Bruxon strode back to the Dumnonian camp, deeply unhappy. He didn’t believe for a moment that the Maidun army was going to slaughter them all, but what Dug had said about treachery had rung uncomfortably true. He’d been a fool and a coward. He should have attacked and conquered Maidun himself, and never even been to Eroo. Because then … He thought back to the night before and what he’d done with Manfrax. What he’d done to Manfrax, all while his harpy wife looked on. He’d been overcome by lust and unable to stop himself. He’d sucked his nipple like a starving calf, hands all over him, and then … He shook his head. He sickened himself.

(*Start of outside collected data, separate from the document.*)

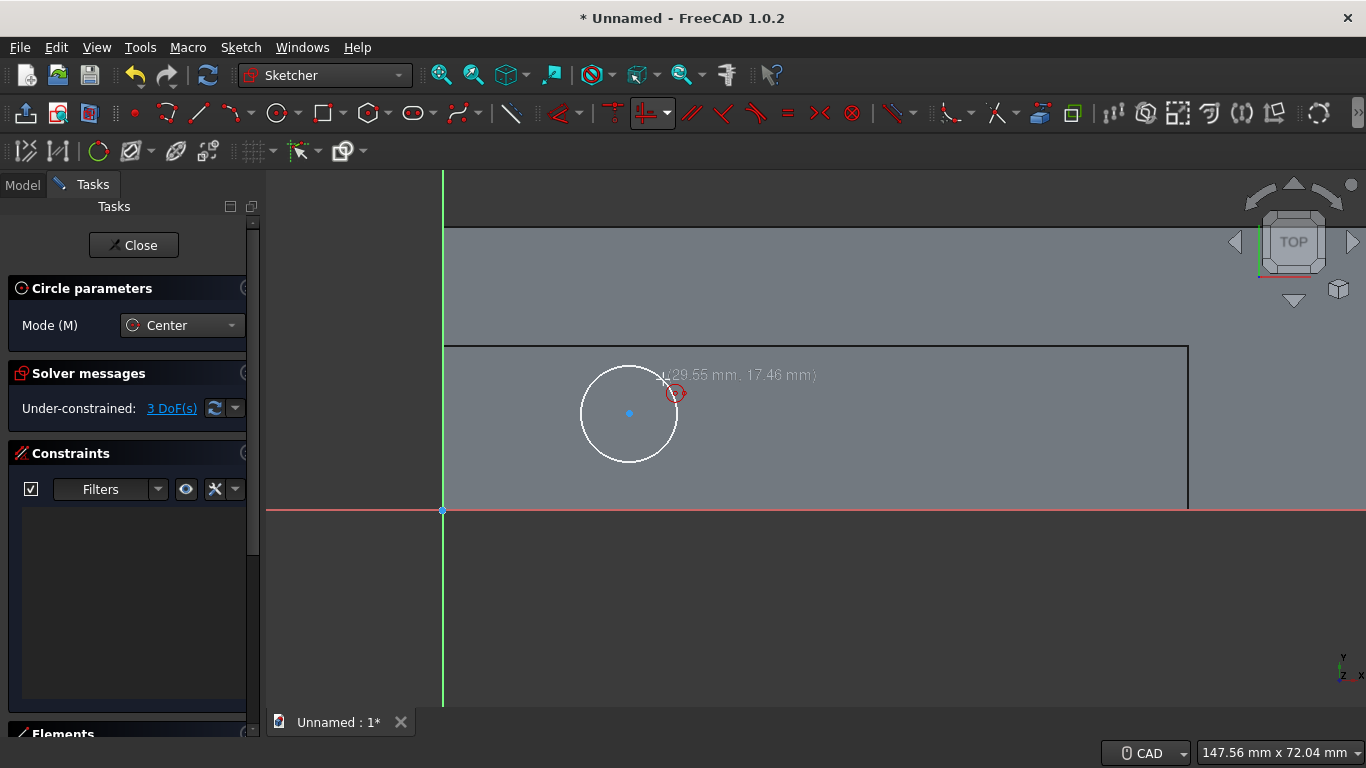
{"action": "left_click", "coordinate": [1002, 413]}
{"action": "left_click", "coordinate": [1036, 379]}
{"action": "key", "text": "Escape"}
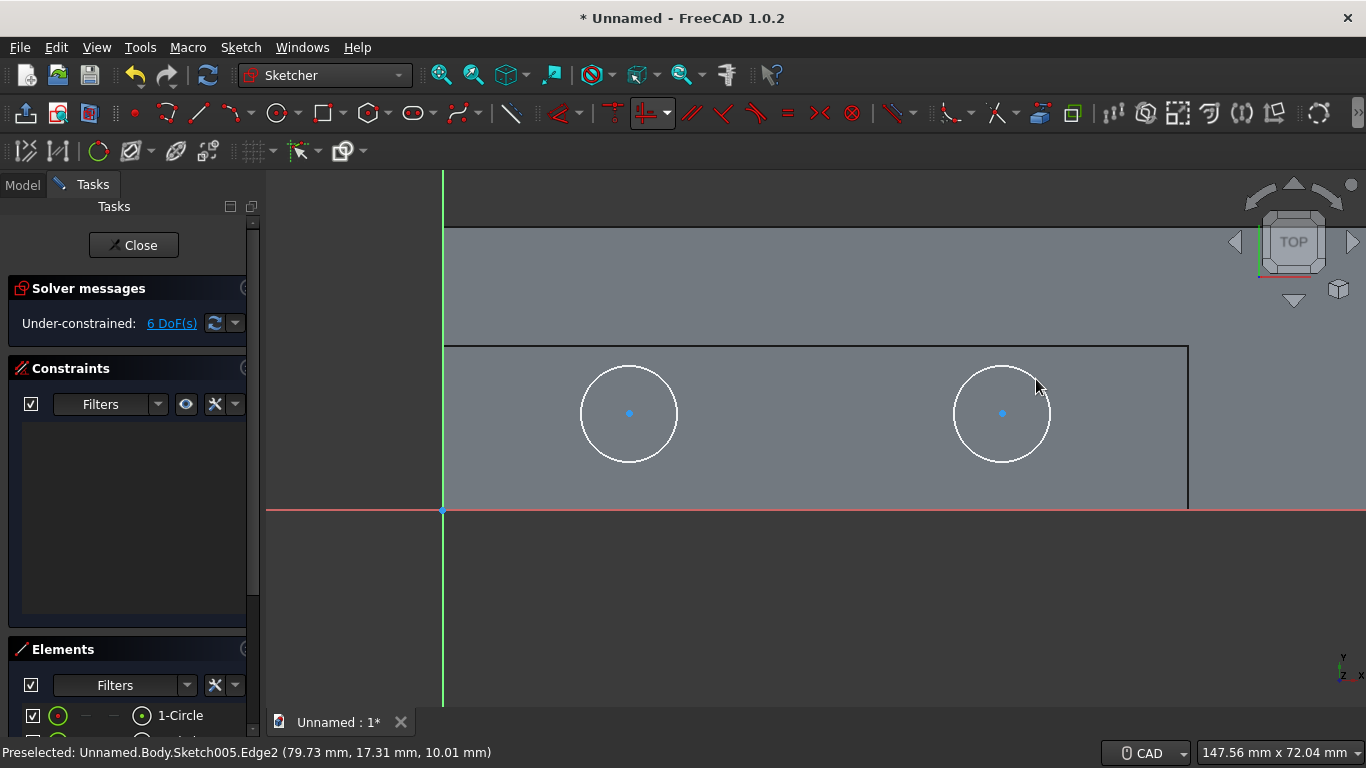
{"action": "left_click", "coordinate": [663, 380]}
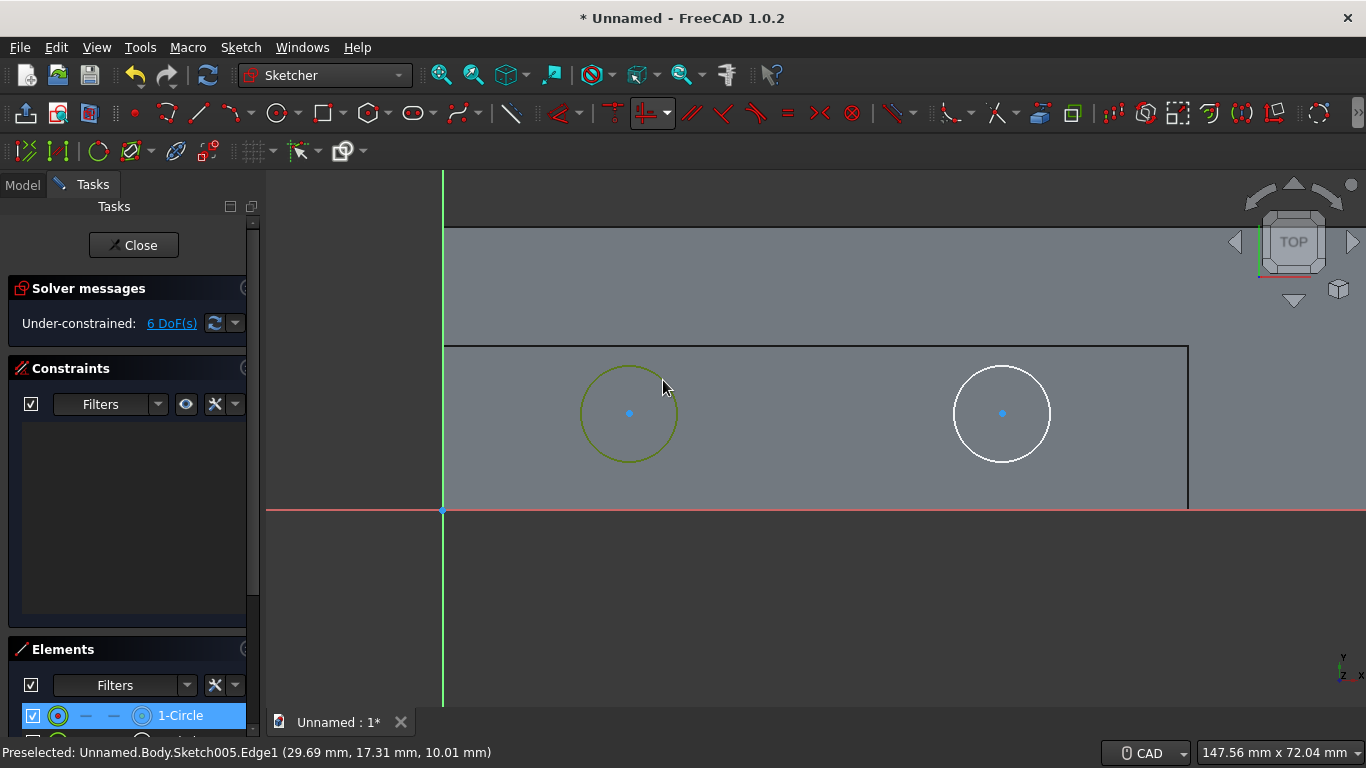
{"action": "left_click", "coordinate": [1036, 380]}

Deep in self-abusing thought, he didn’t hear the sound until it was a roar. He looked for the source, and saw a towering cliff of water rushing towards him across the flat farmland. He stood, open-mouthed, as it came at him, impossibly fast.

 

Ragnall Sheeplord was standing with Julius Caesar on the cliff, looking over the Roman fleet, newly swelled by captured Armorican boats, and telling him all he knew about landing an army on the British coast. It wasn’t very much. The only coastline he knew well was the Island of Angels, which was on the wrong side of Britain. He’d seen part of the coast near Maidun when he and Drustan had sailed to Rome but he hadn’t been paying much attention.

So he was relieved when Caesar held up a hand to silence him. The general was looking down at the bay with a quizzical expression. Ragnall followed his gaze and saw that the tide had rushed out preternaturally quickly and far. Some boats that had been floating moments before were marooned, others were being washed out to sea along channels revealed in what had been seabed.

“What a strange tide…” he said.

“It’s not a tide,” said Caesar. “Finally the British gods are showing their hand. Quick, come with me to higher ground. All of you,” he said to everyone nearby, raising his voice but remaining totally calm, “there is a giant wave coming, more or less immediately. Warn everyone, get everyone to high ground.”

Men ran off to do his bidding, shouting as they went. As Ragnall and Caesar strode up the hill, the sea returned. It was more like a strangely rapid rising tide initially, refloating the boats and slopping lazily ashore. Then came the waves, like a great swelling at first, then towering and breaking, smashing on the cliffs, rearing up into the bay and crashing down on to ships.